Motivation

The canonical approach for human robot interaction is to first predict the human motion and then generate a robot plan. This requires a robust and accurate predictions of human behavior. If the human models are inaccurate, the robot may produce unsafe interactions.

To achieve more fluent human robot interaction, there has also been work on improving the robot’s expressiveness of its intentions. Dragan et al. developed a formalism for legibility which is the probability of successfully predicting an agent’s goal given an observation of a snippet of its trajectory 1. Subsequent works have shown that robots with legible movements lead to greater task efficiency, trustworthiness, and sense of safety in human robot collaboration. However, there hasn’t been work on looking at how human legibility can improve the robot’s ability to collaborate with humans.

Our Approach

We improve the robot’s prediction of the human’s goal (aka the human’s legibility) by projecting virtual barriers in augmented reality and rearranging objects in the workspace. We present a metric that evaluates an environment configuration in terms of its legibility and present an optimization approach for autonomously generating object and virtual barrier placements.

Tabletop Manipulation Task Warehouse Navigation Task


Method

Legibility Metric

First we define the legibility metric that scores an environment configuration in terms of how legibile it is to approach a goal.

Given a ground truth goal $G_{true}$ (blue circle in the example below), we generate a snippet of the human’s trajectory approaching the blue circle. In our experiments we use visibility graphs. If the most likely goal is not the blue circle, we penalize by a fixed cost $c$.

If the robot is able to correctly predict the ground truth goal, we still want to award configurations with more confident predictions. Therefore, the score is the margin function which is the difference between the most likely and second most likely goal probabilities.


Legibility Optimization

Now that we can evaluate the legibility of an environment configuration given a ground truth goal, we present an objective function that evaluates the legibility for a task.

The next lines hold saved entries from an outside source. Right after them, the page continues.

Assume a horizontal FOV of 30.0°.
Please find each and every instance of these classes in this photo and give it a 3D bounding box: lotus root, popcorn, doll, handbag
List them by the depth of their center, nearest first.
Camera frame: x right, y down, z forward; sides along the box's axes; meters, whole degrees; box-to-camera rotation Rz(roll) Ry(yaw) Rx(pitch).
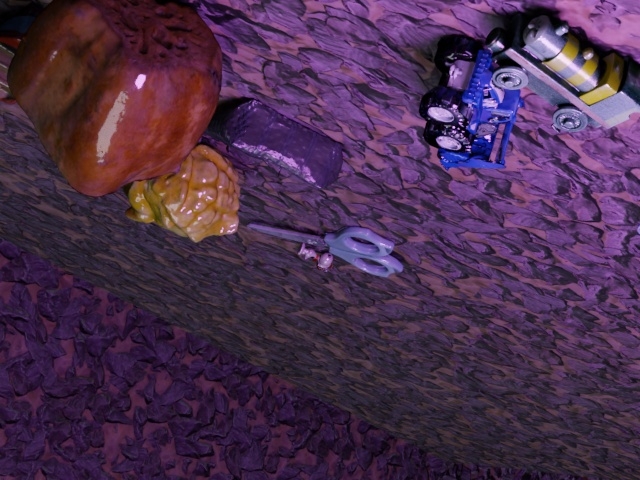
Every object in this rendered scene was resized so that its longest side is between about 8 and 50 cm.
[{"bbox_3d":[-0.279,-0.262,1.771,0.316,0.316,0.250,26,143,-16],"label":"lotus root"},{"bbox_3d":[-0.082,-0.159,2.086,0.270,0.088,0.175,26,169,-17],"label":"handbag"},{"bbox_3d":[-0.263,-0.098,2.265,0.255,0.194,0.256,29,179,-10],"label":"popcorn"},{"bbox_3d":[-0.010,0.038,2.623,0.085,0.040,0.058,15,149,3],"label":"doll"}]

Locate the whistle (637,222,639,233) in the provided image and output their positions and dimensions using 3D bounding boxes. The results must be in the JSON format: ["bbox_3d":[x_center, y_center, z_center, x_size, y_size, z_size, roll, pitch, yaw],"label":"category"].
[{"bbox_3d":[0.611,0.007,1.788,0.269,0.093,0.180,13,135,19],"label":"whistle"}]

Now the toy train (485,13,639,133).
[{"bbox_3d":[0.308,-0.216,1.505,0.200,0.083,0.132,29,149,-25],"label":"toy train"}]

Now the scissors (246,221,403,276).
[{"bbox_3d":[0.001,-0.001,2.518,0.360,0.029,0.191,14,157,25],"label":"scissors"}]

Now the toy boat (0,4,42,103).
[{"bbox_3d":[-0.540,-0.322,2.086,0.136,0.079,0.392,28,161,-17],"label":"toy boat"}]

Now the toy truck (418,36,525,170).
[{"bbox_3d":[0.213,-0.180,1.645,0.126,0.113,0.208,14,162,15],"label":"toy truck"}]
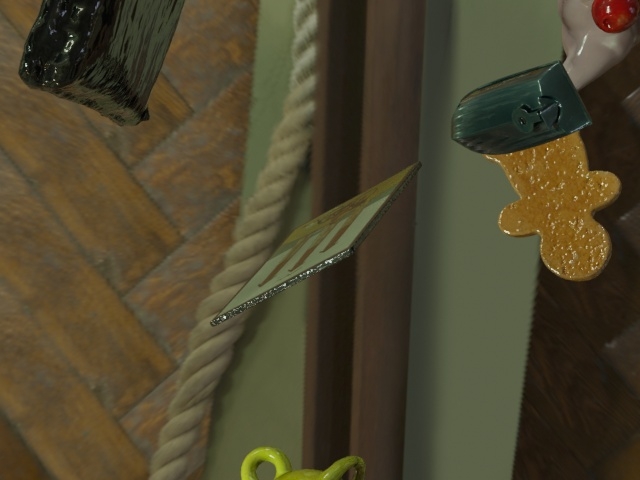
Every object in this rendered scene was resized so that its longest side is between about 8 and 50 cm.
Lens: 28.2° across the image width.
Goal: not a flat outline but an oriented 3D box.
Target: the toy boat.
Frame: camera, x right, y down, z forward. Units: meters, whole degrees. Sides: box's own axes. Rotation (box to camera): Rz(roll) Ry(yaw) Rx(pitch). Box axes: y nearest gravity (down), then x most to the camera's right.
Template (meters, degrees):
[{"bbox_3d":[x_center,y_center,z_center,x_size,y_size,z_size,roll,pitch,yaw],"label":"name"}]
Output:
[{"bbox_3d":[0.142,-0.095,0.959,0.060,0.141,0.055,-36,102,-29],"label":"toy boat"}]

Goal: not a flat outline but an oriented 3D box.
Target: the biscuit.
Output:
[{"bbox_3d":[0.307,-0.057,1.666,0.165,0.036,0.250,-23,64,10],"label":"biscuit"}]

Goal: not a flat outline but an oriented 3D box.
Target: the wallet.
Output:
[{"bbox_3d":[-0.086,-0.129,0.617,0.030,0.285,0.146,21,92,-3],"label":"wallet"}]

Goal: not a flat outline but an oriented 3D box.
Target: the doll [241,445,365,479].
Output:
[{"bbox_3d":[0.035,0.156,0.461,0.129,0.081,0.207,-40,66,-1],"label":"doll"}]

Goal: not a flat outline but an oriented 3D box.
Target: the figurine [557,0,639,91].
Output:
[{"bbox_3d":[0.314,-0.247,1.244,0.186,0.287,0.176,6,131,36],"label":"figurine"}]

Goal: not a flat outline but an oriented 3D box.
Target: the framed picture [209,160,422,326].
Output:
[{"bbox_3d":[0.000,0.000,1.765,0.244,0.324,0.013,-29,100,29],"label":"framed picture"}]
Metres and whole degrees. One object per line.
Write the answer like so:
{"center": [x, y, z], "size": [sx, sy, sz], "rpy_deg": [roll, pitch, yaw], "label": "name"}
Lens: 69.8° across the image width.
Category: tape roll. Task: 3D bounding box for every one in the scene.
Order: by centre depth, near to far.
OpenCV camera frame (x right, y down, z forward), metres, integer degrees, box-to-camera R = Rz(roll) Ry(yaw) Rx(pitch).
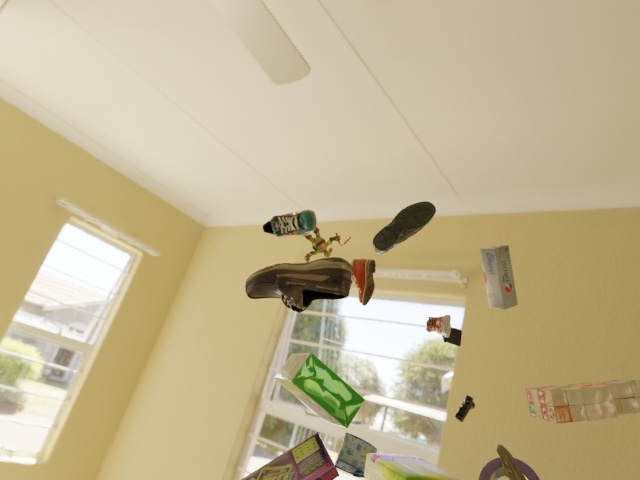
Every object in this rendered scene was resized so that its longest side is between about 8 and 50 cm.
{"center": [0.600, 0.793, 1.445], "size": [0.189, 0.189, 0.080], "rpy_deg": [4, -41, 32], "label": "tape roll"}

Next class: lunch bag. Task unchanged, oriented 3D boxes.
{"center": [0.149, 0.890, 1.888], "size": [0.151, 0.129, 0.096], "rpy_deg": [18, -46, 9], "label": "lunch bag"}

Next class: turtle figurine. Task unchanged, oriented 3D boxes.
{"center": [0.000, 0.000, 2.278], "size": [0.217, 0.269, 0.087], "rpy_deg": [55, -10, -3], "label": "turtle figurine"}

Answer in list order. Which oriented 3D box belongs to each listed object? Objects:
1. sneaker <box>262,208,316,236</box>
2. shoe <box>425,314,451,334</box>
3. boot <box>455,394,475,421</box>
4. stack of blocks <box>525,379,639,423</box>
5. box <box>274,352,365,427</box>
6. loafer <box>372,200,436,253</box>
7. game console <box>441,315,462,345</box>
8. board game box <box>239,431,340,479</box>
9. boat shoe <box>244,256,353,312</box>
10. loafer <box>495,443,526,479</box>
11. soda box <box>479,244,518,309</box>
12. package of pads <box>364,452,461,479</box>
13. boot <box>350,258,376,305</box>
{"center": [-0.132, -0.061, 1.897], "size": [0.121, 0.108, 0.302], "rpy_deg": [-10, -1, -35], "label": "sneaker"}
{"center": [0.399, 0.288, 1.561], "size": [0.081, 0.063, 0.178], "rpy_deg": [9, -19, 20], "label": "shoe"}
{"center": [0.594, 0.699, 1.882], "size": [0.045, 0.099, 0.121], "rpy_deg": [21, -26, 33], "label": "boot"}
{"center": [0.789, 0.467, 1.344], "size": [0.297, 0.087, 0.171], "rpy_deg": [-5, -15, -1], "label": "stack of blocks"}
{"center": [-0.008, 0.534, 1.663], "size": [0.262, 0.127, 0.231], "rpy_deg": [43, -25, -7], "label": "box"}
{"center": [0.298, -0.045, 1.660], "size": [0.096, 0.267, 0.084], "rpy_deg": [53, -8, 21], "label": "loafer"}
{"center": [0.615, 0.427, 2.166], "size": [0.071, 0.107, 0.122], "rpy_deg": [-8, -51, 2], "label": "game console"}
{"center": [-0.123, 0.782, 1.488], "size": [0.056, 0.347, 0.208], "rpy_deg": [64, -10, -10], "label": "board game box"}
{"center": [-0.074, 0.144, 1.398], "size": [0.355, 0.130, 0.132], "rpy_deg": [-13, -30, 19], "label": "boat shoe"}
{"center": [0.576, 0.697, 1.400], "size": [0.050, 0.148, 0.056], "rpy_deg": [-40, -50, 14], "label": "loafer"}
{"center": [0.821, 0.167, 2.114], "size": [0.091, 0.286, 0.098], "rpy_deg": [-13, 5, -26], "label": "soda box"}
{"center": [0.315, 0.818, 1.564], "size": [0.229, 0.101, 0.296], "rpy_deg": [13, -13, -17], "label": "package of pads"}
{"center": [0.133, 0.135, 1.513], "size": [0.084, 0.158, 0.059], "rpy_deg": [8, 7, 33], "label": "boot"}
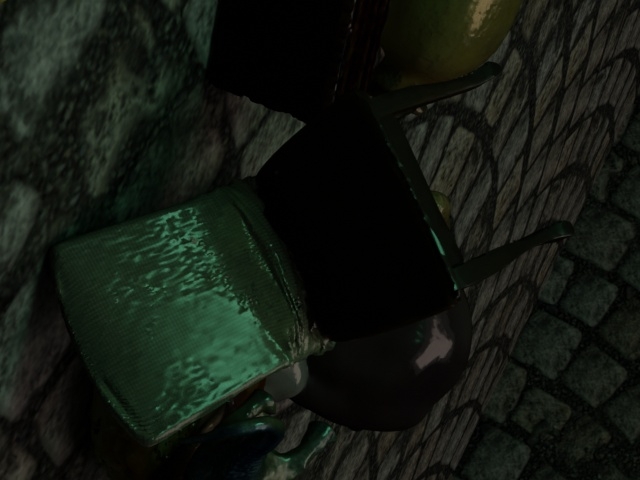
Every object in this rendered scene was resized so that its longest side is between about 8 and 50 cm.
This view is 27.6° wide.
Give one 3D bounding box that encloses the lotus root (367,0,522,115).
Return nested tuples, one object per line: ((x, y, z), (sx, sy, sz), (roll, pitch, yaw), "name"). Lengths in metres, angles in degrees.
((0.132, -0.258, 1.212), (0.146, 0.130, 0.303), (-14, 126, -66), "lotus root")

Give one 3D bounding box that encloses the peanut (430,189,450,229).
((0.143, -0.032, 1.660), (0.054, 0.053, 0.113), (-61, 164, -16), "peanut")

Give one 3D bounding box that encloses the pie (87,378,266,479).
((-0.095, 0.092, 1.065), (0.308, 0.085, 0.308), (-53, 162, -26), "pie")

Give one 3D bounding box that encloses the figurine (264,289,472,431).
((0.049, 0.047, 1.367), (0.218, 0.206, 0.365), (-49, -167, 18), "figurine")

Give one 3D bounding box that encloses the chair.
((0.000, 0.000, 0.899), (0.319, 0.160, 0.186), (-22, 177, -42), "chair")

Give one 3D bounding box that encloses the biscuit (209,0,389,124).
((0.010, -0.262, 0.897), (0.073, 0.107, 0.388), (-40, 149, -54), "biscuit")

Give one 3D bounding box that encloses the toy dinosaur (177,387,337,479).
((-0.065, 0.179, 0.986), (0.147, 0.076, 0.363), (-43, 172, -34), "toy dinosaur")

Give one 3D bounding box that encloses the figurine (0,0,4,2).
((-0.141, -0.181, 0.641), (0.187, 0.083, 0.083), (-46, 154, -34), "figurine")
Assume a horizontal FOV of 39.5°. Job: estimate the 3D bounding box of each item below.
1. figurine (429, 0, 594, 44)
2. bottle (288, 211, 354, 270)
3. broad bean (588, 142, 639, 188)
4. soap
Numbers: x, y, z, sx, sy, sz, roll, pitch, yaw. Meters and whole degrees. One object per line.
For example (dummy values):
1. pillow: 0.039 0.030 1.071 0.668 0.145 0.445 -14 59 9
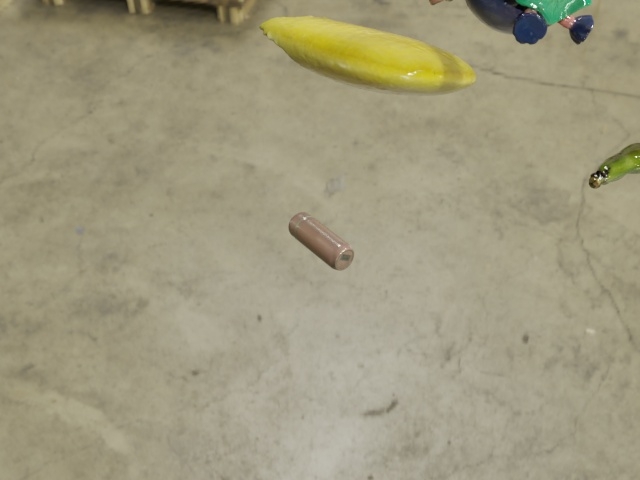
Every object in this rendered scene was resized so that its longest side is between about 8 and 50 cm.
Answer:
1. figurine: 0.162 -0.243 0.814 0.111 0.102 0.195 -13 31 -34
2. bottle: 0.000 0.000 1.612 0.053 0.053 0.140 -31 48 -26
3. broad bean: 0.478 -0.121 1.309 0.297 0.043 0.060 -15 32 -32
4. soap: 0.101 -0.358 1.765 0.306 0.115 0.427 -3 21 -46
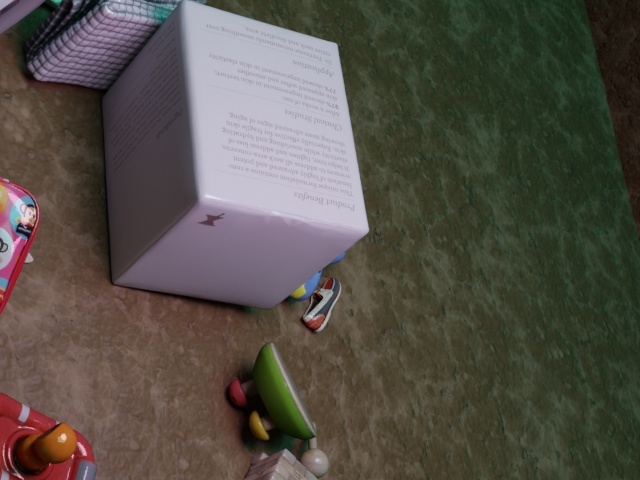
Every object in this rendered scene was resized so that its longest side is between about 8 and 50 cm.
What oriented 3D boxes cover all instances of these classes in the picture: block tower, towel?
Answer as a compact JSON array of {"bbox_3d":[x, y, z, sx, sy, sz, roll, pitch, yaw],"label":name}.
[{"bbox_3d":[-0.106,0.489,2.003,0.091,0.097,0.335,46,38,-18],"label":"block tower"},{"bbox_3d":[-0.361,-0.370,2.178,0.284,0.235,0.121,-1,63,-50],"label":"towel"}]

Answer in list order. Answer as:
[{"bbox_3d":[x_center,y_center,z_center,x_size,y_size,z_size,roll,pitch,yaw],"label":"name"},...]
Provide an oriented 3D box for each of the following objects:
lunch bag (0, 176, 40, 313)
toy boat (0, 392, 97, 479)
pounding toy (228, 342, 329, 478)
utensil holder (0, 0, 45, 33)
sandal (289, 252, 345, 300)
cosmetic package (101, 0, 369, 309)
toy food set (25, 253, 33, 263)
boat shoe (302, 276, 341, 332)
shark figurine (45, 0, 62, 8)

We assume the task $T$ has general precedence constraints. A subtask can only begin after all of its precedence constraints are completed. For example, In an assembly task, you need to finish making the drawers before inserting them into their final positions. In the objective function, we iterate over all possible valid orderings of task $T$, which are the orderings that satisfy precedence constraints. We find the possible ground truth goals at a given state of a task and sum up the legibility scores (EnvLegibility).

Now that we know how to evaluate the legibility of a given workspace configuration, we need to search through the space of possible configurations to find the most legible one. This is computationally intractable for most non-trivial applications. We use a quality diversity approach called MAP-Elites 2 to efficiently search through the space of possible workspace configurations.

The MAP-Elites algorithm consists of two phases, the initialization phase and the improvement phase. In the initialization phase, a random environment is generated and placed in a grid where the dimensions of the grid are some features or behaviors of interest. Here we use the ordering of the cubes in the x-axis and the min distance between cubes. If two environments have the same cell in the grid, the one that has a higher legibility score is stored.

MAP-Elites Initialization


In the improvement phase, we sample a cell from the grid and run gradient descent. In gradient descent, we first sample new positions for each cube from a Gaussian centered at the cube’s current position. The new configuration may end up in a different cell in the grid. If the cell is not populated or if the new configuration has a better legibility score, then the new configuration is stored in the cell. Then, two cubes are randomly selected and a virtual obstacle of a fixed size is placed between them. We store the new configuration if the legibility score is better.

MAP-Elites Improvement Phase


Below is a gif of the gradient descent process.

Demo



  1. A. D. Dragan, K. C. T. Lee and S. S. Srinivasa, “Legibility and predictability of robot motion,” 2013 8th ACM/IEEE International Conference on Human-Robot Interaction (HRI), Tokyo, Japan, 2013, pp. 301-308, doi: 10.1109/HRI.2013.6483603. 

  2. Mouret, Jean-Baptiste, and Jeff Clune. “Illuminating search spaces by mapping elites.” arXiv preprint arXiv:1504.04909 (2015).